Exercise directions. Pictures excluded, please transcribe exactly the lines from the one with "Return one line" through the end of the records below, and nothing more.

Source information.

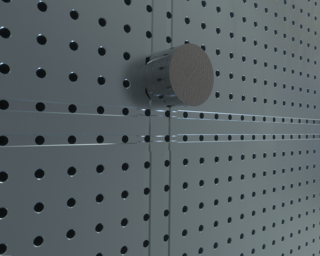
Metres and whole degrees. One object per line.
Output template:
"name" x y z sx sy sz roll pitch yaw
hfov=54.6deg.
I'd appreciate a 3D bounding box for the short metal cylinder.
"short metal cylinder" 0.026 -0.067 0.413 0.081 0.050 0.080 0 90 -40
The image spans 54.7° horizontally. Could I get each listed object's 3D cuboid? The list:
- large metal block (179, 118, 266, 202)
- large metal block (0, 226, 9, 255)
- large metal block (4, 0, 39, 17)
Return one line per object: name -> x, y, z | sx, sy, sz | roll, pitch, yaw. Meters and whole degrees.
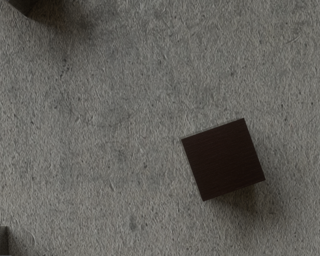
large metal block -> 0.077, 0.038, 0.398 | 0.080, 0.050, 0.080 | -19, 90, 0
large metal block -> -0.246, 0.176, 0.396 | 0.081, 0.050, 0.080 | -4, 90, 0
large metal block -> -0.190, -0.207, 0.396 | 0.080, 0.050, 0.080 | 37, 90, 0

Finished exercise.
Return one line per object: name -> x, y, z | sx, sy, sz | roll, pitch, yaw. Meters and whole degrees.
large metal block -> 0.077, 0.038, 0.398 | 0.080, 0.050, 0.080 | -19, 90, 0
large metal block -> -0.246, 0.176, 0.396 | 0.081, 0.050, 0.080 | -4, 90, 0
large metal block -> -0.190, -0.207, 0.396 | 0.080, 0.050, 0.080 | 37, 90, 0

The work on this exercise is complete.